Tuesday, April 5, 2016

THE LAST CHAPTER

Chapter 35 is about the short run trade-off between inflation and unemployment. The Phillips curve is the short-run relationship between inflation and unemployment. This idea was first published in 1958 by A.W Phillips in an articled titled "The relationship between Unemployment and the Rate of Change of Money Wages in the United Kingdom". He showed a negative correlation between  the rate of unemployment and the rate of inflation: years with low unemployment tend to have high inflation and years with high unemployment tend to have low inflation. The natural rate of unemployment depends on various features of the labor market (minimum wage laws, market power of unions, etc). The inflation rate depends primarily on growth in the quantity of money controlled by the Fed. Paul Samuelson and Robert Solow reasoned that this correlation arises because low unemployment was associated with high aggregate demand which in turn puts upward pressure on wages and prices throughout the economy.

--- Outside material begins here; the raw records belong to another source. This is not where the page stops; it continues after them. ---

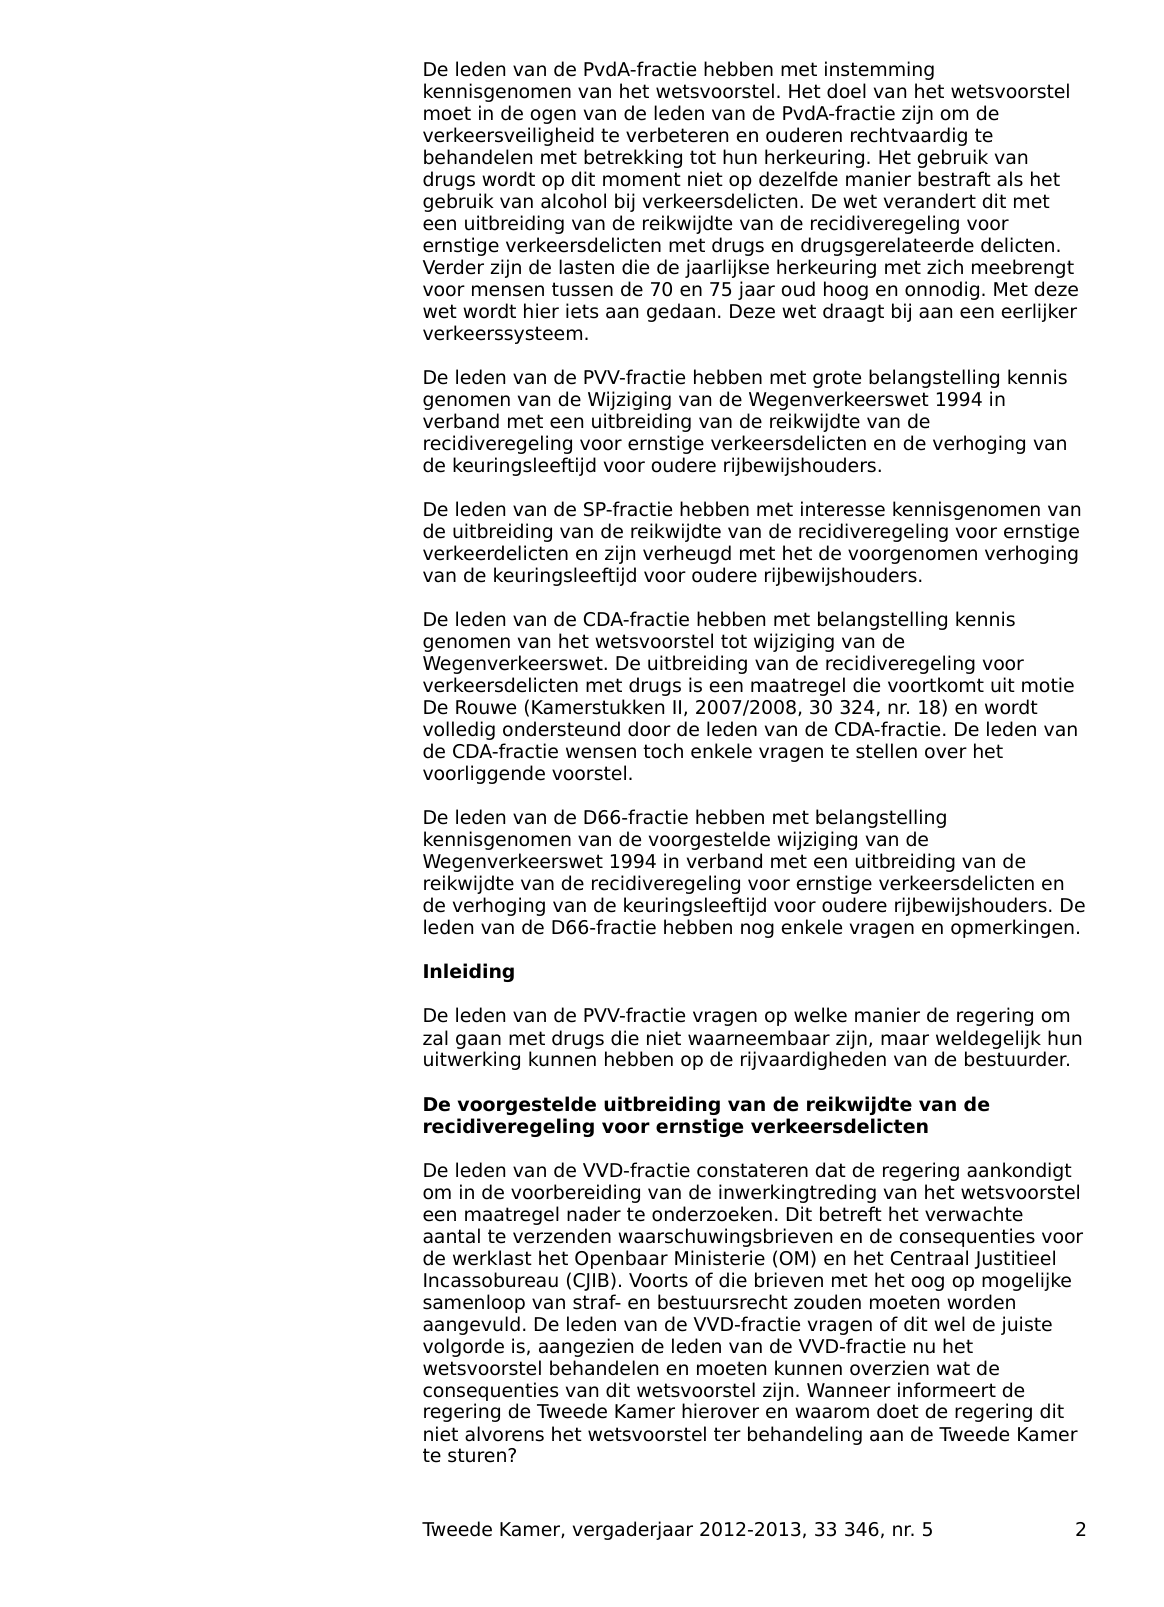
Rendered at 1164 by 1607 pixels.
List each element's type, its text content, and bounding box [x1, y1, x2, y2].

text De leden van de VVD-fractie constateren dat de regering aankondigt om in de voorbereiding van de inwerkingtreding van het wetsvoorstel een maatregel nader te onderzoeken. Dit betreft het verwachte aantal te verzenden waarschuwingsbrieven en de consequenties voor de werklast het Openbaar Ministerie (OM) en het Centraal Justitieel Incassobureau (CJIB). Voorts of die brieven met het oog op mogelijke samenloop van straf- en bestuursrecht zouden moeten worden aangevuld. De leden van de VVD-fractie vragen of dit wel de juiste volgorde is, aangezien de leden van de VVD-fractie nu het wetsvoorstel behandelen en moeten kunnen overzien wat de consequenties van dit wetsvoorstel zijn. Wanneer informeert de regering de Tweede Kamer hierover en waarom doet de regering dit niet alvorens het wetsvoorstel ter behandeling aan de Tweede Kamer te sturen? [422, 1160, 1087, 1467]
text De leden van de PVV-fractie vragen op welke manier de regering om zal gaan met drugs die niet waarneembaar zijn, maar weldegelijk hun uitwerking kunnen hebben op de rijvaardigheden van de bestuurder. [422, 1005, 1087, 1071]
text De leden van de SP-fractie hebben met interesse kennisgenomen van de uitbreiding van de reikwijdte van de recidiveregeling voor ernstige verkeerdelicten en zijn verheugd met het de voorgenomen verhoging van de keuringsleeftijd voor oudere rijbewijshouders. [422, 499, 1087, 587]
text De leden van de PVV-fractie hebben met grote belangstelling kennis genomen van de Wijziging van de Wegenverkeerswet 1994 in verband met een uitbreiding van de reikwijdte van de recidiveregeling voor ernstige verkeersdelicten en de verhoging van de keuringsleeftijd voor oudere rijbewijshouders. [422, 367, 1087, 477]
text De leden van de D66-fractie hebben met belangstelling kennisgenomen van de voorgestelde wijziging van de Wegenverkeerswet 1994 in verband met een uitbreiding van de reikwijdte van de recidiveregeling voor ernstige verkeersdelicten en de verhoging van de keuringsleeftijd voor oudere rijbewijshouders. De leden van de D66-fractie hebben nog enkele vragen en opmerkingen. [422, 807, 1087, 939]
text De leden van de CDA-fractie hebben met belangstelling kennis genomen van het wetsvoorstel tot wijziging van de Wegenverkeerswet. De uitbreiding van de recidiveregeling voor verkeersdelicten met drugs is een maatregel die voortkomt uit motie De Rouwe (Kamerstukken II, 2007/2008, 30 324, nr. 18) en wordt volledig ondersteund door de leden van de CDA-fractie. De leden van de CDA-fractie wensen toch enkele vragen te stellen over het voorliggende voorstel. [422, 609, 1087, 785]
subtitle Inleiding [422, 961, 1087, 983]
text De leden van de PvdA-fractie hebben met instemming kennisgenomen van het wetsvoorstel. Het doel van het wetsvoorstel moet in de ogen van de leden van de PvdA-fractie zijn om de verkeersveiligheid te verbeteren en ouderen rechtvaardig te behandelen met betrekking tot hun herkeuring. Het gebruik van drugs wordt op dit moment niet op dezelfde manier bestraft als het gebruik van alcohol bij verkeersdelicten. De wet verandert dit met een uitbreiding van de reikwijdte van de recidiveregeling voor ernstige verkeersdelicten met drugs en drugsgerelateerde delicten. Verder zijn de lasten die de jaarlijkse herkeuring met zich meebrengt voor mensen tussen de 70 en 75 jaar oud hoog en onnodig. Met deze wet wordt hier iets aan gedaan. Deze wet draagt bij aan een eerlijker verkeerssysteem. [422, 59, 1087, 345]
subtitle De voorgestelde uitbreiding van de reikwijdte van de recidiveregeling voor ernstige verkeersdelicten [422, 1093, 1087, 1137]
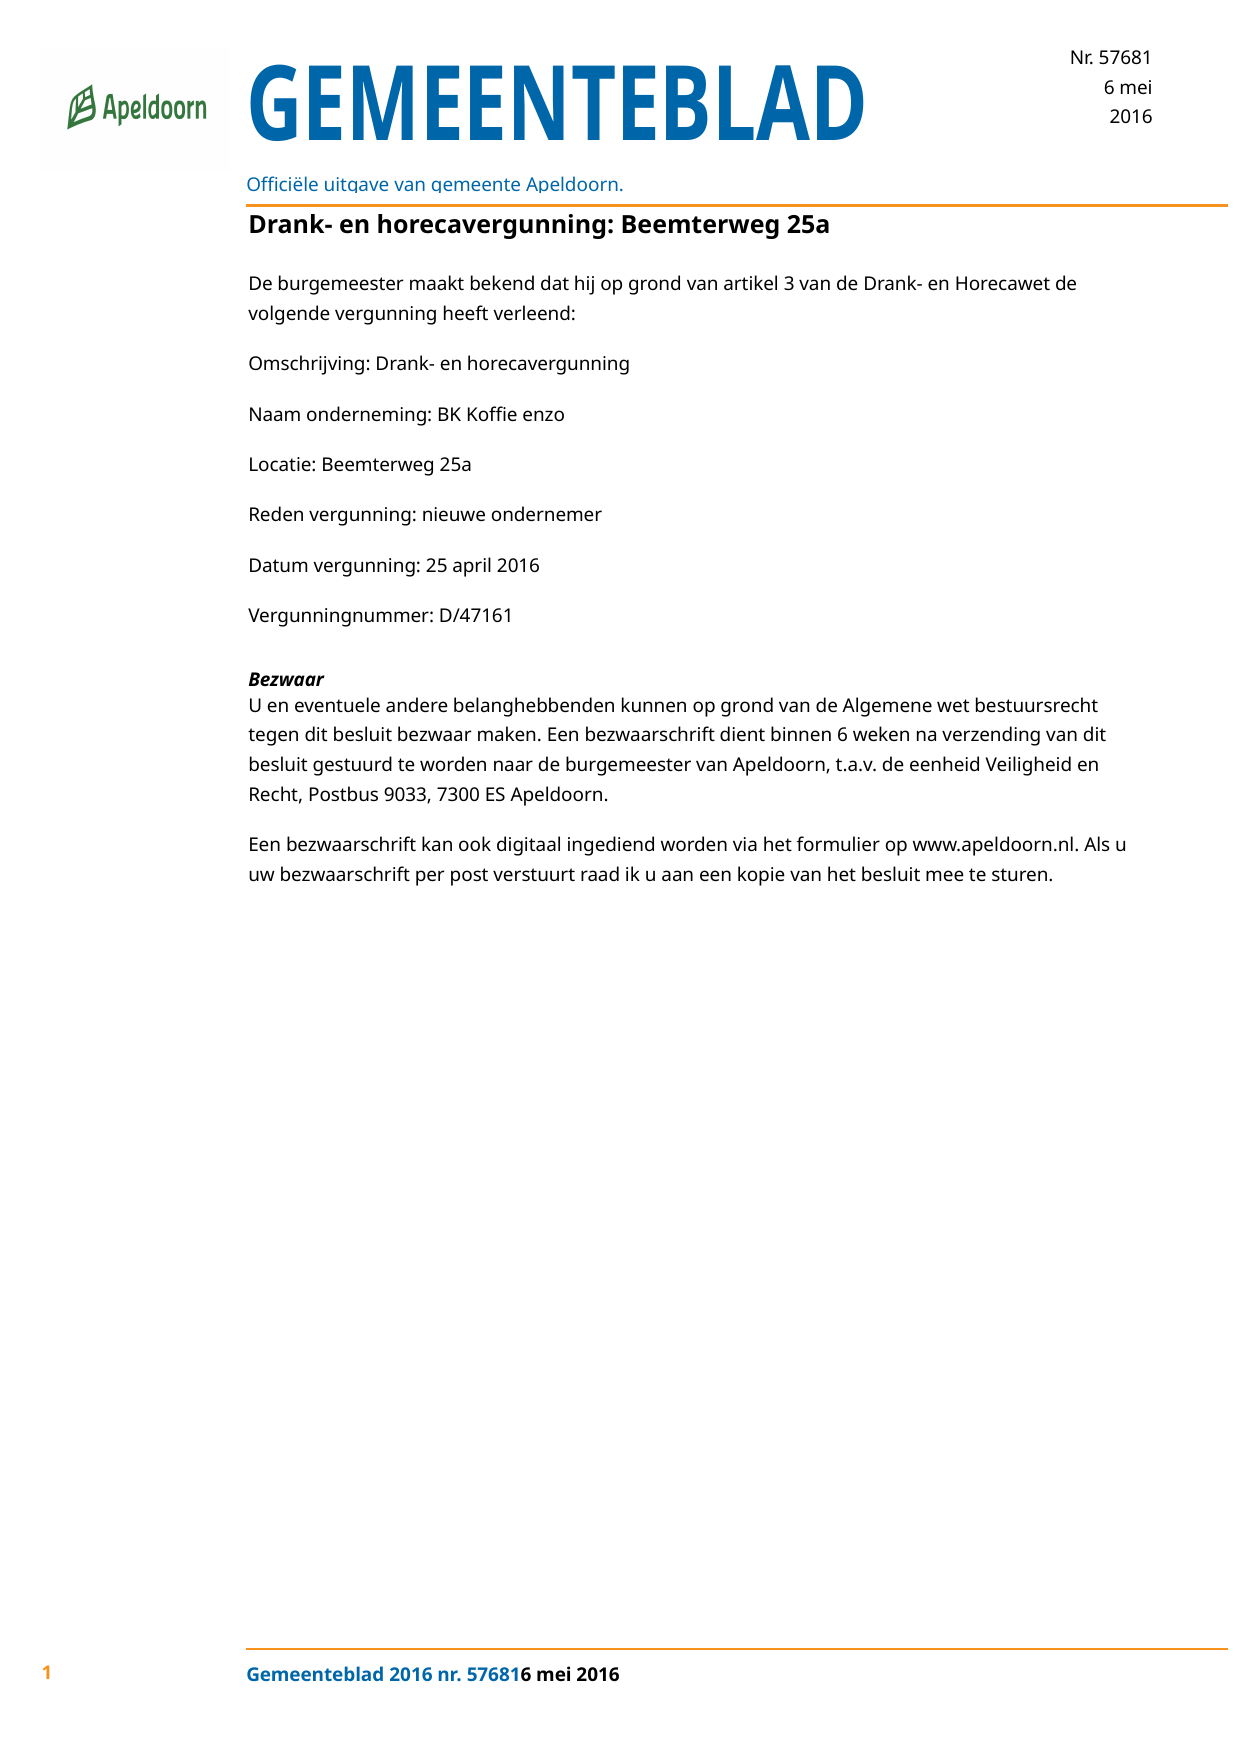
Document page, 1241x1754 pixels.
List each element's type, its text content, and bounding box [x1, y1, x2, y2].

text Vergunningnummer: D/47161 [248, 602, 1152, 628]
text Een bezwaarschrift kan ook digitaal ingediend worden via het formulier op www.apeldoorn.nl. Als u uw bezwaarschrift per post verstuurt raad ik u aan een kopie van het besluit mee te sturen. [248, 831, 1152, 887]
text Bezwaar [248, 666, 1152, 692]
text De burgemeester maakt bekend dat hij op grond van artikel 3 van de Drank- en Horecawet de volgende vergunning heeft verleend: [248, 270, 1152, 326]
text U en eventuele andere belanghebbenden kunnen op grond van de Algemene wet bestuursrecht tegen dit besluit bezwaar maken. Een bezwaarschrift dient binnen 6 weken na verzending van dit besluit gestuurd te worden naar de burgemeester van Apeldoorn, t.a.v. de eenheid Veiligheid en Recht, Postbus 9033, 7300 ES Apeldoorn. [248, 692, 1152, 807]
text Reden vergunning: nieuwe ondernemer [248, 502, 1152, 527]
text Locatie: Beemterweg 25a [248, 451, 1152, 477]
text Naam onderneming: BK Koffie enzo [248, 401, 1152, 426]
text Drank- en horecavergunning: Beemterweg 25a [248, 207, 1152, 241]
picture [41, 47, 231, 172]
text Datum vergunning: 25 april 2016 [248, 552, 1152, 578]
text Omschrijving: Drank- en horecavergunning [248, 350, 1152, 376]

The Phillips curve simply shows the combinations of inflation and unemployment that arise in the short run as shifts in the aggregate-demand curve move the economy along the short-run aggregate-supply curve. An increase in the aggregate demand for goods and services leads, in the short run, to a larger output of goods and services and a higher price level. Larger output means greater employment and thus a lower rate of unemployment. Shifts in aggregate demand push inflation and unemployment in opposite directions. If policymakers expand aggregate demand they can lower unemployment but only at the cost of higher inflation. Contracting aggregate demand they can lower inflation but at the cost of temporarily higher unemployment. In the 1960's, however, it was concluded that inflation and unemployment are unrelated in the long run. . The long-run Phillips curve is vertical at the natural rate of unemployment. Monetary policy could be effective in the short run but not in the long run.